I had a Broil King Keg (an extremely efficient grill - too efficient actually) for years before getting my Summit S6, and the ONLY way I could get a non-acrid, nice clean smoke was to place the chunks underneath the lump.

By placing it underneath the coals, you get an "after burner" effect where un-burned organics get re-introduced into the heat of the charcoal above and gets a second burning.

Even with the Summit Kamado, I have repeated this and just find the smoke that comes from wood chunks burning underneath the smoldering charcoal produces a more pleasant smelling, less acrid smoke. i.e. thin blue smoke.
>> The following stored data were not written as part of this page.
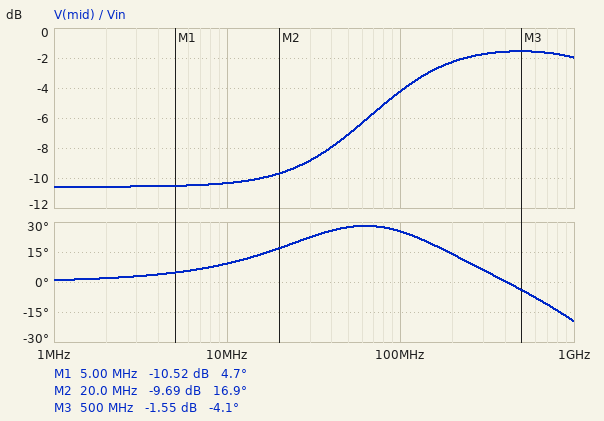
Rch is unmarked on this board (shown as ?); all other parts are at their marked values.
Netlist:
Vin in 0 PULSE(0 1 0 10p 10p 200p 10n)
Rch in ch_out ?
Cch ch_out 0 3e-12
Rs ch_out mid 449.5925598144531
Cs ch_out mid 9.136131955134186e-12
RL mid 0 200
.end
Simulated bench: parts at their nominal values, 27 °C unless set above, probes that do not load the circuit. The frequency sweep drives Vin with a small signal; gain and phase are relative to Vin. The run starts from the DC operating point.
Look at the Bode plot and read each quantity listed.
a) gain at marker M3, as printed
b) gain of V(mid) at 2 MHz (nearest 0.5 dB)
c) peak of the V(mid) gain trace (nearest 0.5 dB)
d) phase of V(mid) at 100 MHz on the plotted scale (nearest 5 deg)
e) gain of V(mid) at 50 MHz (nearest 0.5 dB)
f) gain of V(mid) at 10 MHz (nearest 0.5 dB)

-1.55 dB
-10.5 dB
-1.5 dB
25 deg
-7.0 dB
-10.5 dB
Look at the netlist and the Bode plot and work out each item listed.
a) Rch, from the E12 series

27 Ω
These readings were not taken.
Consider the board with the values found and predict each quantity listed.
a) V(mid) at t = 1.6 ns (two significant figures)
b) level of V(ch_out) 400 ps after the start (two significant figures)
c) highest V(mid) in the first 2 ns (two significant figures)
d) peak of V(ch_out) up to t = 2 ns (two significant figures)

-32 mV
72 mV
770 mV
840 mV
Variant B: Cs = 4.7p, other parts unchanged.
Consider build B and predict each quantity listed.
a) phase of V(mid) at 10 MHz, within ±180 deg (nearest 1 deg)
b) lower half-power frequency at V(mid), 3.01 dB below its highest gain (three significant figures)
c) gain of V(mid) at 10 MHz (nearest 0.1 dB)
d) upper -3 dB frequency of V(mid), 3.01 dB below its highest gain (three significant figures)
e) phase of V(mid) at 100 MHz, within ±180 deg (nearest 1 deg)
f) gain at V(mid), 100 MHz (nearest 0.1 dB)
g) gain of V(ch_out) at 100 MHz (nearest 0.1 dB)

5 deg
162 MHz
-10.5 dB
2.64 GHz
26 deg
-7.0 dB
-0.5 dB
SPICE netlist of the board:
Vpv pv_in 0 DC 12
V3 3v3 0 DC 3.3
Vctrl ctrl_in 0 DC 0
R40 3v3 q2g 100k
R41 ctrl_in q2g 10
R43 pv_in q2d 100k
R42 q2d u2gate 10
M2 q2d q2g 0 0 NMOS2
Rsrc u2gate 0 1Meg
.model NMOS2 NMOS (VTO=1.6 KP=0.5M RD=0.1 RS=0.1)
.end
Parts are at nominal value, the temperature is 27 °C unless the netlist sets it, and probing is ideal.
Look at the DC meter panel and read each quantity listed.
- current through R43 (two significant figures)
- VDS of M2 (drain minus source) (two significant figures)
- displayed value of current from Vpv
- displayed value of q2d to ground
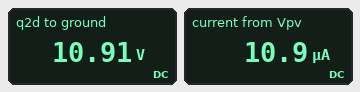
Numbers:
11 µA
11 V
10.9 µA
10.91 V
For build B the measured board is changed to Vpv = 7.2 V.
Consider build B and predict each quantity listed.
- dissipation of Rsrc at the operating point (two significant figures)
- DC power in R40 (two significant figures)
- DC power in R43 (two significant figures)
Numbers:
43 µW
110 µW
4.3 µW
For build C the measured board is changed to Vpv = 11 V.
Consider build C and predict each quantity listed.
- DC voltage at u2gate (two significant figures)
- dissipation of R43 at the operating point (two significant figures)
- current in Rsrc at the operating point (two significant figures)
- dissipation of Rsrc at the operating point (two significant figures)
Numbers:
10 V
10 µW
10 µA
100 µW
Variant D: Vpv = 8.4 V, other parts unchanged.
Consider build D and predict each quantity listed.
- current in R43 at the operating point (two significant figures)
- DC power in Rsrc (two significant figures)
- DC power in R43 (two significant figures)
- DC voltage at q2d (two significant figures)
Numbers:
7.6 µA
58 µW
5.8 µW
7.6 V
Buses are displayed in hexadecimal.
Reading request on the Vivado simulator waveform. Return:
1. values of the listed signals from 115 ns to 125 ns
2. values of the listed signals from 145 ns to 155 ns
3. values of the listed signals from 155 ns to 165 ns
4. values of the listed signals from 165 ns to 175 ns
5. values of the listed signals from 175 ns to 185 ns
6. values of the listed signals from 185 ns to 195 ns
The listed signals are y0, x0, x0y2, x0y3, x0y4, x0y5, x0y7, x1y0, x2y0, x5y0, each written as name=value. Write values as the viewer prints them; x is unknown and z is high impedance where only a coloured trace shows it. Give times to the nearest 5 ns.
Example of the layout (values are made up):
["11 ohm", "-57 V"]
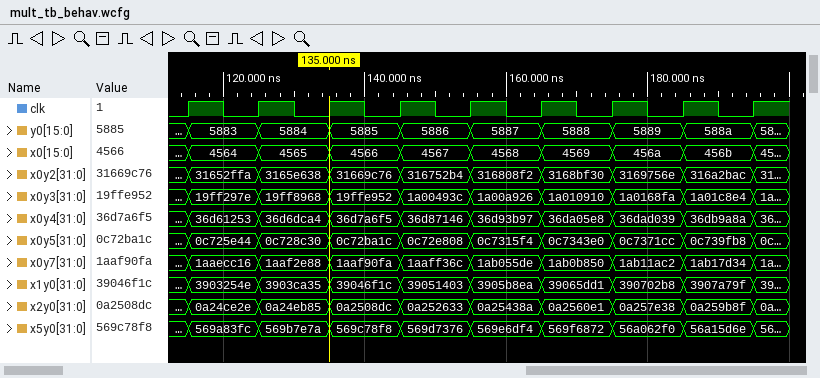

That said, the Summit is also a very efficient grill as well...

...so, I think the more efficient the grill, the more important it is to apply additional techniques as necessary to improve the burn.
Grant,
I have a Keg as well. In fact, I've had another, but it rusted out a couple years ago. I like them mostly. Another way to get clean smoke in it is to cook hot and fast, like 300F. A good hot fire seems to burn off the sooty smoke.

My take on that chicken Lynn posted a few years ago, is that the grayish tinge is the gray smoke laying on the skin. I recognize it since I've done it often enough.
 
Took Harry's class last Saturday. He had me place the chunks on the charcoal grate and then he put the charcoal on top, burying the wood chunks. Here's his explanation.
He said "you want to evaporate the wood between 451F and (I think he said) 780F (or 800F). Above the 780-800F the smoke starts converting to gases. Below that, the smoke is heavy and sooty.

He didn't go into it too deeply, but I think he's had a lot of late night discussions around the bbq circuit with collegues about it. My take, the glowing coals on the surface are very hot and can be measured with your IR thermometer, but I think, in a low/slow minion fire, they are going to be in the area of about 1000-1100F. On the surface. As the smoke rises thru the passages between the burning coals, it is heated and the smoke becomes light and even some clear gases.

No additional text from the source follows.